*** Material supplied Section Begins ***

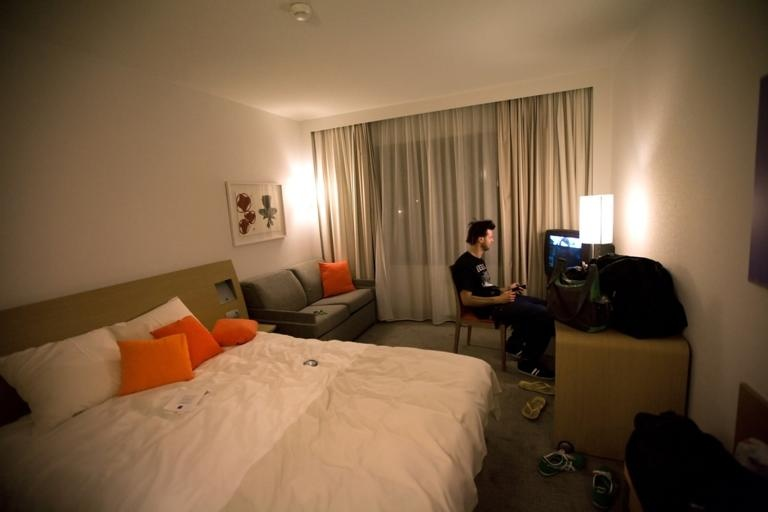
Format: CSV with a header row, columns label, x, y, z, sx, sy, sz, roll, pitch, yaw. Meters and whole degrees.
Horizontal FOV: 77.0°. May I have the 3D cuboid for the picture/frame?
label,x,y,z,sx,sy,sz,roll,pitch,yaw
picture/frame,-1.306,-0.462,5.073,0.767,0.600,0.057,-2,5,30

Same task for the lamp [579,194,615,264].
label,x,y,z,sx,sy,sz,roll,pitch,yaw
lamp,1.889,-0.238,4.257,0.268,0.594,0.360,1,10,25

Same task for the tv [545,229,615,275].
label,x,y,z,sx,sy,sz,roll,pitch,yaw
tv,1.921,0.013,4.767,0.352,0.561,0.645,0,6,-23

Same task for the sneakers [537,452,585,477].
label,x,y,z,sx,sy,sz,roll,pitch,yaw
sneakers,1.198,1.393,3.257,0.270,0.120,0.135,-10,28,9

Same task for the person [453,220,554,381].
label,x,y,z,sx,sy,sz,roll,pitch,yaw
person,1.157,0.392,4.457,0.899,1.388,0.611,1,15,26

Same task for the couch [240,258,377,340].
label,x,y,z,sx,sy,sz,roll,pitch,yaw
couch,-0.703,0.543,5.273,0.767,0.842,1.431,-3,9,24

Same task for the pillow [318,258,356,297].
label,x,y,z,sx,sy,sz,roll,pitch,yaw
pillow,-0.540,0.262,5.609,0.385,0.371,0.143,-6,-10,-36

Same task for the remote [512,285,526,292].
label,x,y,z,sx,sy,sz,roll,pitch,yaw
remote,1.243,0.296,4.397,0.098,0.026,0.106,-3,6,34

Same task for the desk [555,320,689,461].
label,x,y,z,sx,sy,sz,roll,pitch,yaw
desk,1.619,0.824,3.583,1.015,1.038,0.771,-1,-3,23

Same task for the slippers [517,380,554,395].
label,x,y,z,sx,sy,sz,roll,pitch,yaw
slippers,1.284,1.095,4.044,0.221,0.040,0.112,2,14,43

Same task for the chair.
label,x,y,z,sx,sy,sz,roll,pitch,yaw
chair,0.994,0.531,4.597,0.591,0.895,0.604,-14,11,-36

*** Material supplied Section Ends ***

= What you are asked to do =
Write out exactly each line of the entries, starting at the one containing "Same task for the sneakers [537,452,585,477]." and finishing with the last line.

= Solution for this task =
Same task for the sneakers [537,452,585,477].
label,x,y,z,sx,sy,sz,roll,pitch,yaw
sneakers,1.198,1.393,3.257,0.270,0.120,0.135,-10,28,9

Same task for the person [453,220,554,381].
label,x,y,z,sx,sy,sz,roll,pitch,yaw
person,1.157,0.392,4.457,0.899,1.388,0.611,1,15,26

Same task for the couch [240,258,377,340].
label,x,y,z,sx,sy,sz,roll,pitch,yaw
couch,-0.703,0.543,5.273,0.767,0.842,1.431,-3,9,24

Same task for the pillow [318,258,356,297].
label,x,y,z,sx,sy,sz,roll,pitch,yaw
pillow,-0.540,0.262,5.609,0.385,0.371,0.143,-6,-10,-36

Same task for the remote [512,285,526,292].
label,x,y,z,sx,sy,sz,roll,pitch,yaw
remote,1.243,0.296,4.397,0.098,0.026,0.106,-3,6,34

Same task for the desk [555,320,689,461].
label,x,y,z,sx,sy,sz,roll,pitch,yaw
desk,1.619,0.824,3.583,1.015,1.038,0.771,-1,-3,23

Same task for the slippers [517,380,554,395].
label,x,y,z,sx,sy,sz,roll,pitch,yaw
slippers,1.284,1.095,4.044,0.221,0.040,0.112,2,14,43

Same task for the chair.
label,x,y,z,sx,sy,sz,roll,pitch,yaw
chair,0.994,0.531,4.597,0.591,0.895,0.604,-14,11,-36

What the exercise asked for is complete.